Brief
Only the lines holding "pixels" are wanted here; copy each from the listing.

Information given

=== Section Start ===

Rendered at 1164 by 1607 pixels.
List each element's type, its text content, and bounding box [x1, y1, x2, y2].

=== Section End ===
=== Section Start ===

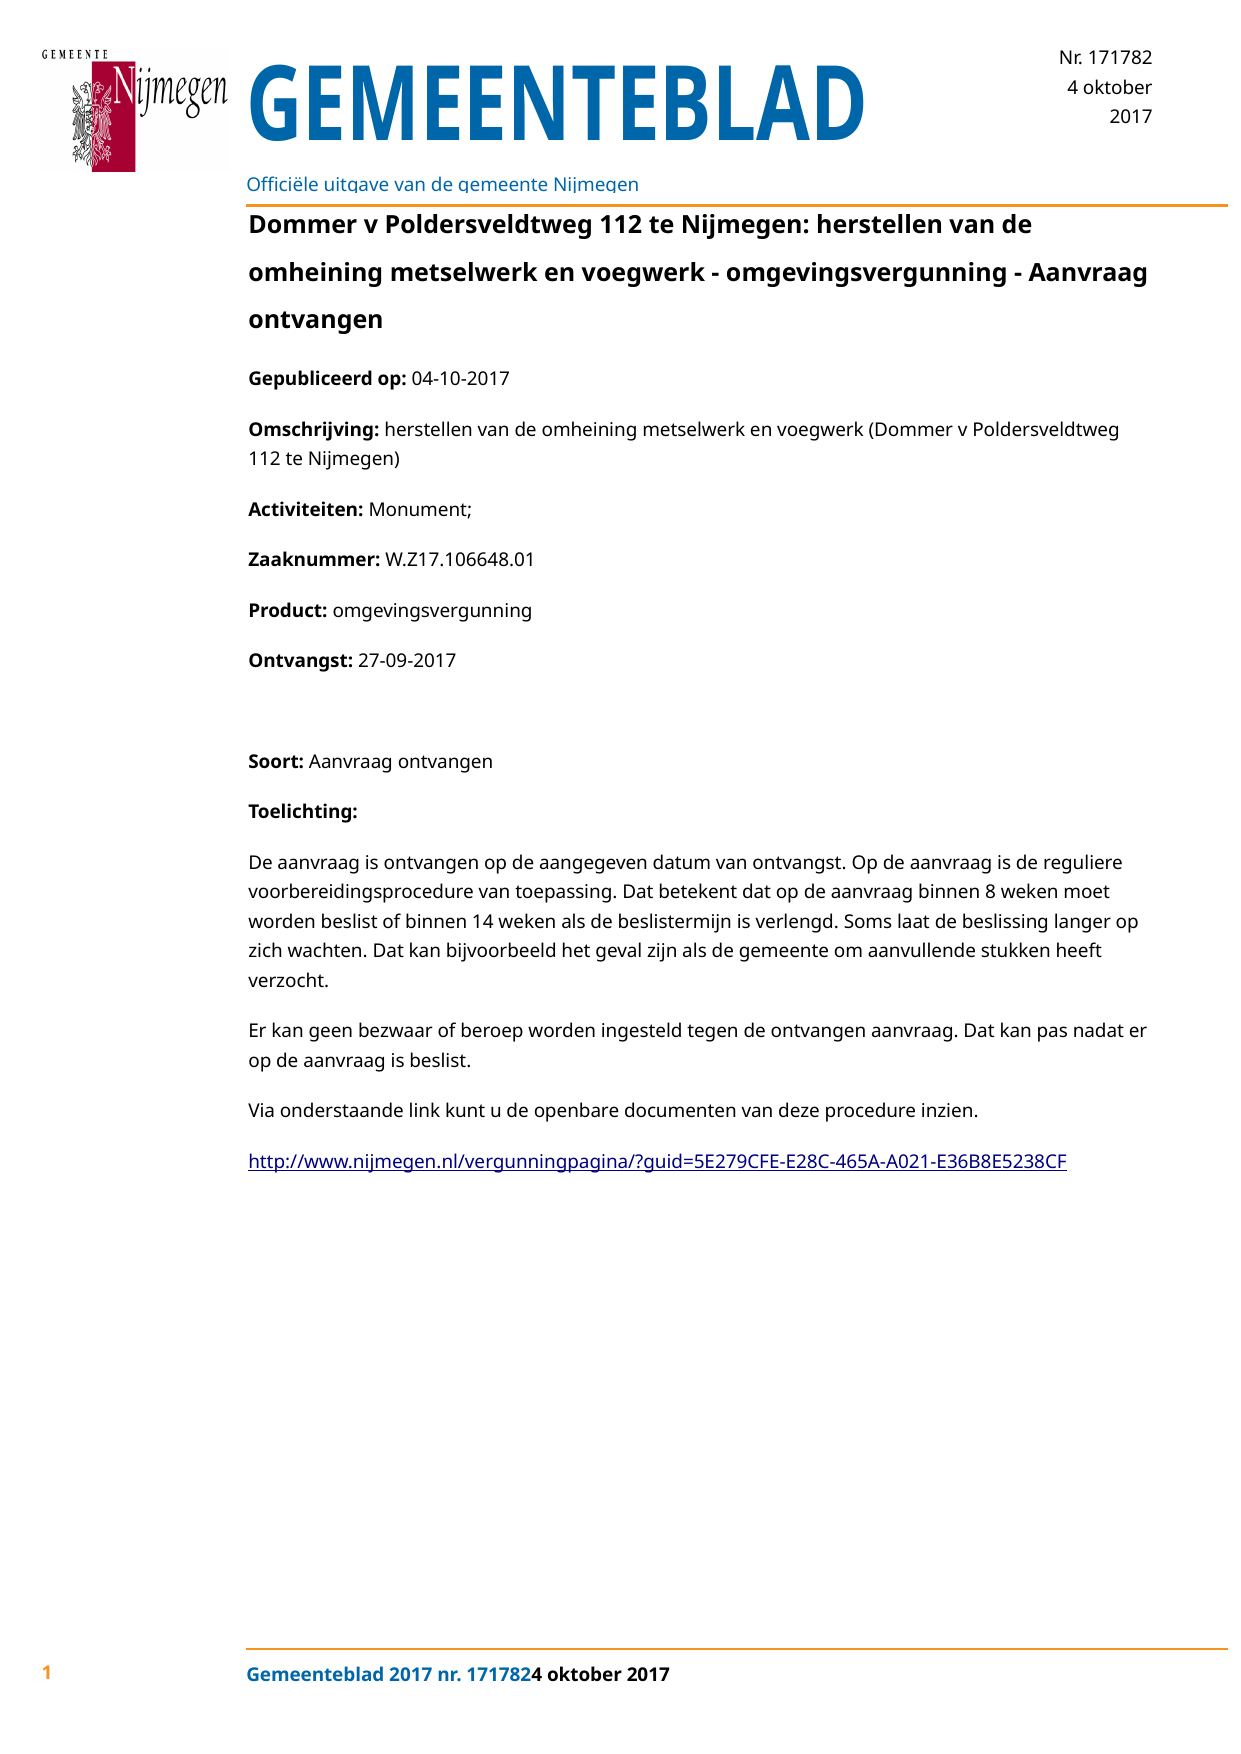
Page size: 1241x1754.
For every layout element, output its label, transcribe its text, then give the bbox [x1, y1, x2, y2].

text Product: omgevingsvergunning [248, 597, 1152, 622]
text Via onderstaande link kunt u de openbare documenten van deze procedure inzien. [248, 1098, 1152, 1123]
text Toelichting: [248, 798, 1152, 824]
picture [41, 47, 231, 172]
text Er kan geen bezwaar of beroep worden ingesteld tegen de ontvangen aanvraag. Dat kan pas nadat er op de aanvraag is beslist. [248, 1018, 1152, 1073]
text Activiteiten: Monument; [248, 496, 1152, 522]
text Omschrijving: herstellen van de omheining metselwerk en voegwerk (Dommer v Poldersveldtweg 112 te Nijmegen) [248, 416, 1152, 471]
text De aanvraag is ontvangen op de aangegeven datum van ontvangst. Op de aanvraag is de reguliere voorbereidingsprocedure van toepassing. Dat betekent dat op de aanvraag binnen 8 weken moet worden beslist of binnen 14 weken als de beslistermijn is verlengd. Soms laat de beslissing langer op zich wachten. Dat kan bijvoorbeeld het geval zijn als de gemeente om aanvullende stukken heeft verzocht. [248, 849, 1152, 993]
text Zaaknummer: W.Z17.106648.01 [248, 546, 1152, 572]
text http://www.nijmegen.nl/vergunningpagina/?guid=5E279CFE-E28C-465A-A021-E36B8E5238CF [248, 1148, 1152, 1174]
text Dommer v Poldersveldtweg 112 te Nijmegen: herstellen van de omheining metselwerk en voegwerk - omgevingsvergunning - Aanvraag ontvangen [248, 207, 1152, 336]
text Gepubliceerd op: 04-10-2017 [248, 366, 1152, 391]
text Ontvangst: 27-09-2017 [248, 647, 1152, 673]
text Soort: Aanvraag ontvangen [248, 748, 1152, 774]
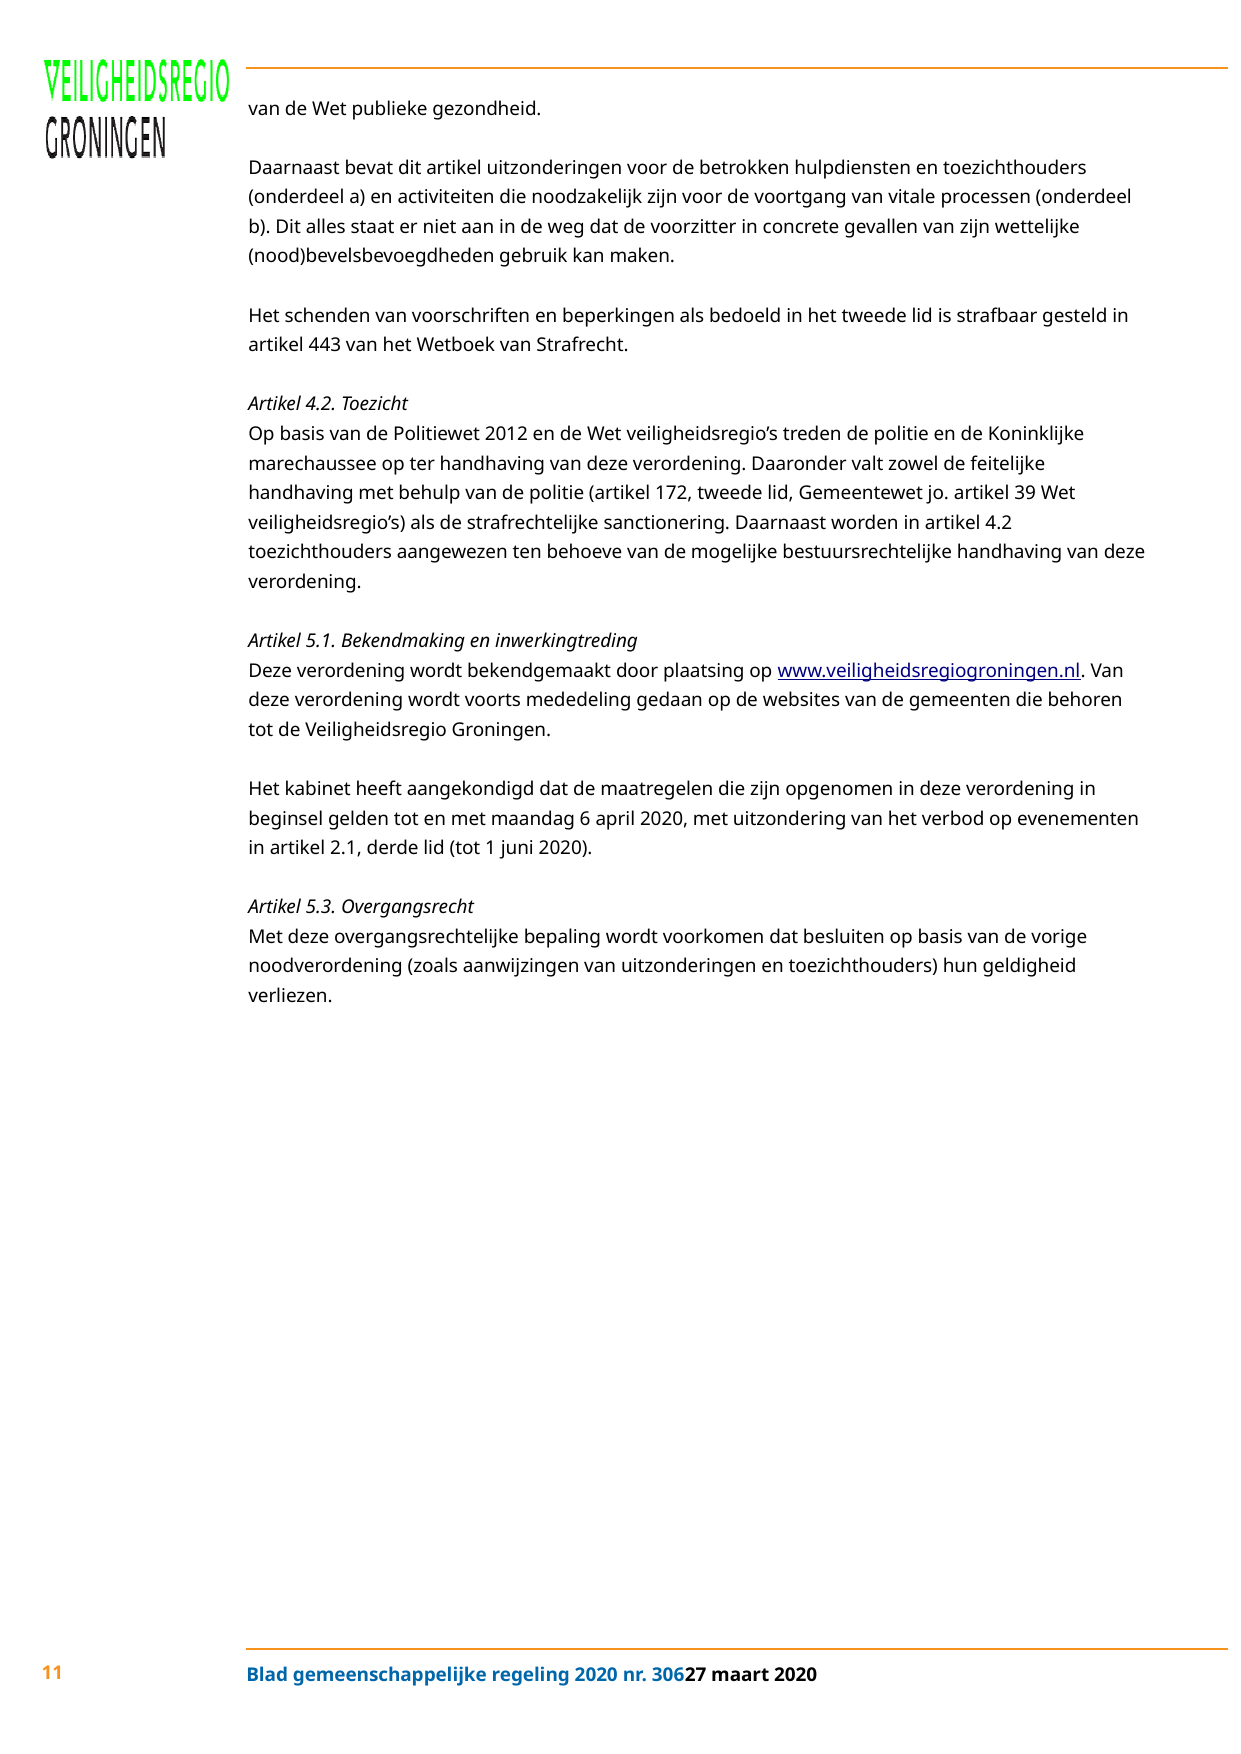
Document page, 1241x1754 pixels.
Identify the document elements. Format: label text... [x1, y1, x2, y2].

=== Section End ===
=== Section Start ===

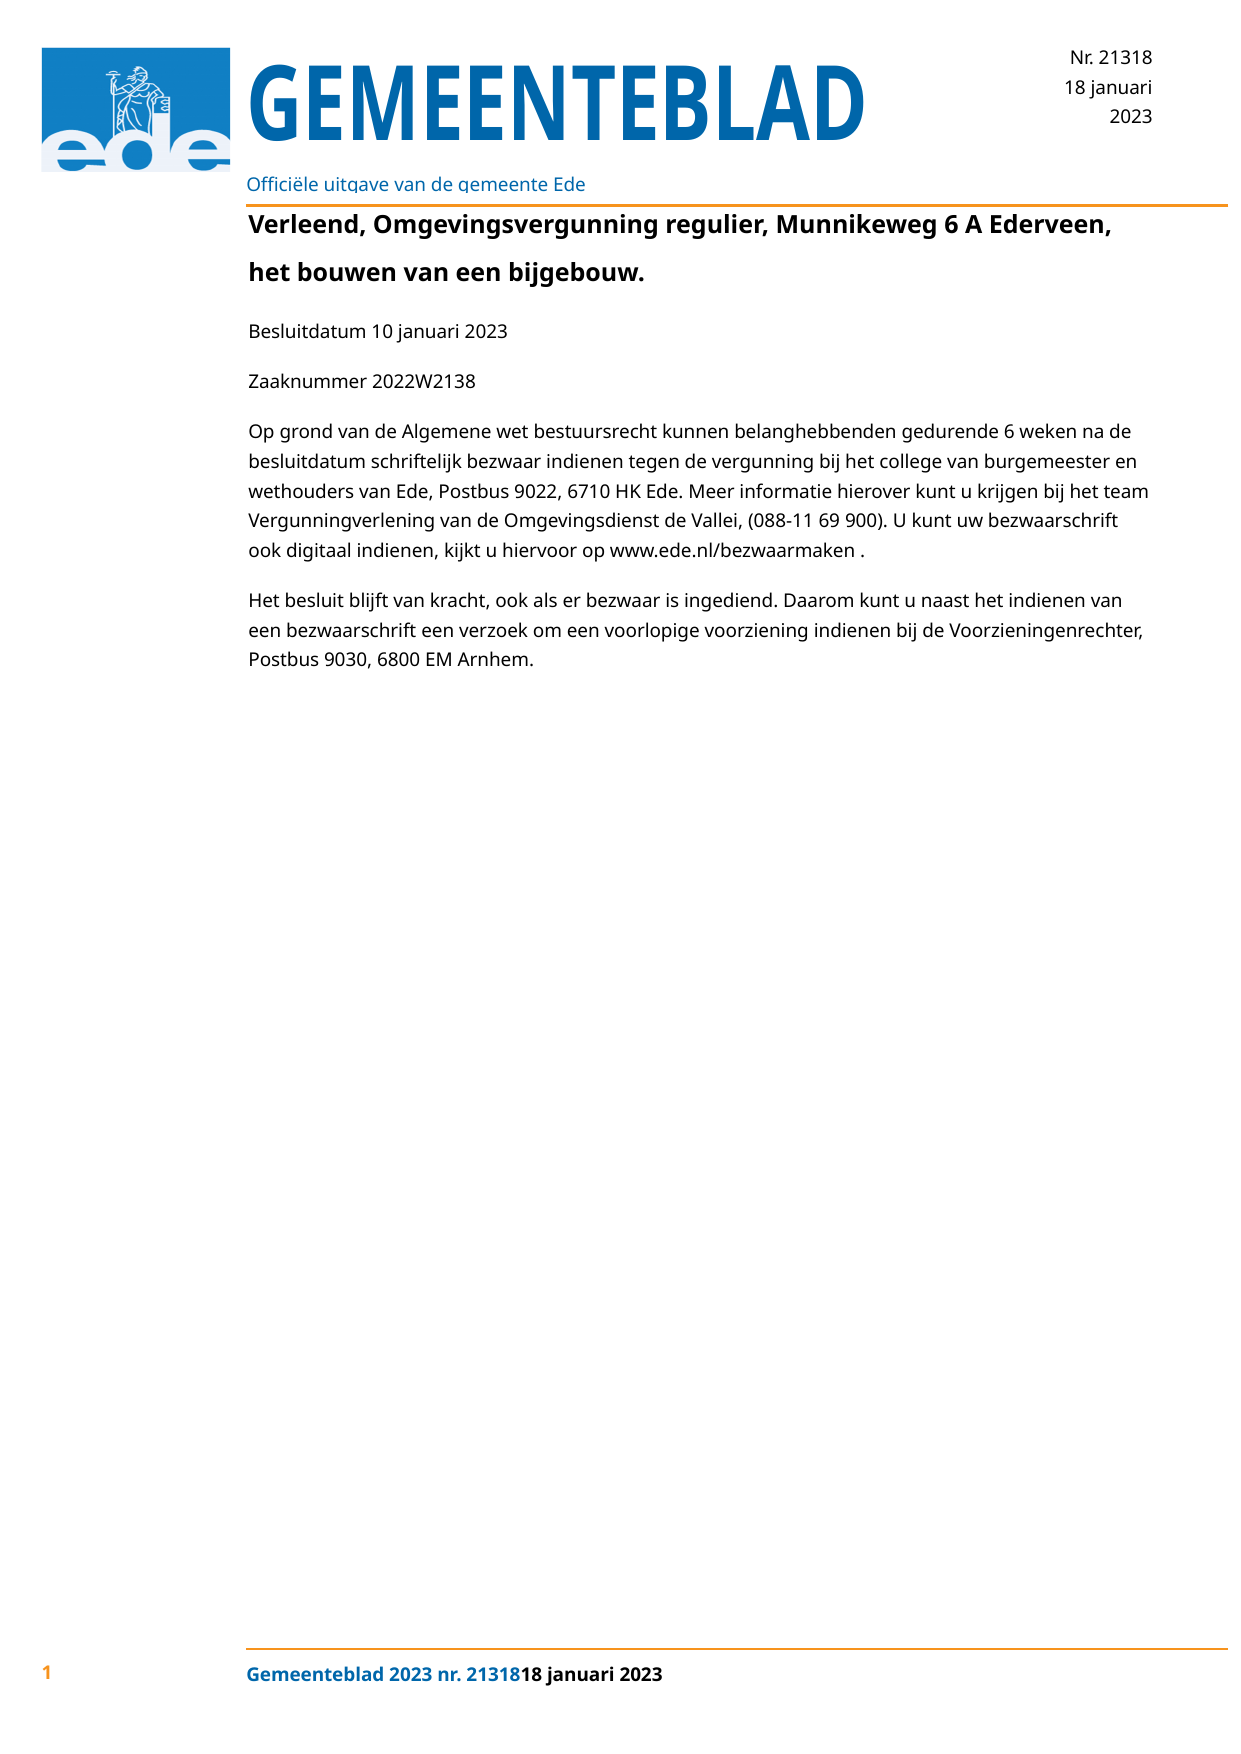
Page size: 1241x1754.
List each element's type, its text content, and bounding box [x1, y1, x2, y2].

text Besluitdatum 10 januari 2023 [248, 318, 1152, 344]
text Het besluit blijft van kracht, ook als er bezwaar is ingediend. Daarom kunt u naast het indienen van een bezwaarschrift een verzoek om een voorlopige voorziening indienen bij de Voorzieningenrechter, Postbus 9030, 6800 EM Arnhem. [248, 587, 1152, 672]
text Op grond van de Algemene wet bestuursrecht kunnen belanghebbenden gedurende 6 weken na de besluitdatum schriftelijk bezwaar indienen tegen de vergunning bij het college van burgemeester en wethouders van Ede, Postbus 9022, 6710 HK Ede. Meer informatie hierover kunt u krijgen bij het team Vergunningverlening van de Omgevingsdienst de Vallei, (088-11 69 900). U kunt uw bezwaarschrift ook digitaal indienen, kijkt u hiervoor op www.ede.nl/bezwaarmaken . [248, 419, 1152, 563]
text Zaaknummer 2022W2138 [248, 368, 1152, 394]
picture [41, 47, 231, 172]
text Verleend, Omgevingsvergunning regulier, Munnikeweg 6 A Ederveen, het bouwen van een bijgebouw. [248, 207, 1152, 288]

=== Section End ===

Answer box
Rendered at 1164 by 1607 pixels.
Document page, 1241x1754 pixels.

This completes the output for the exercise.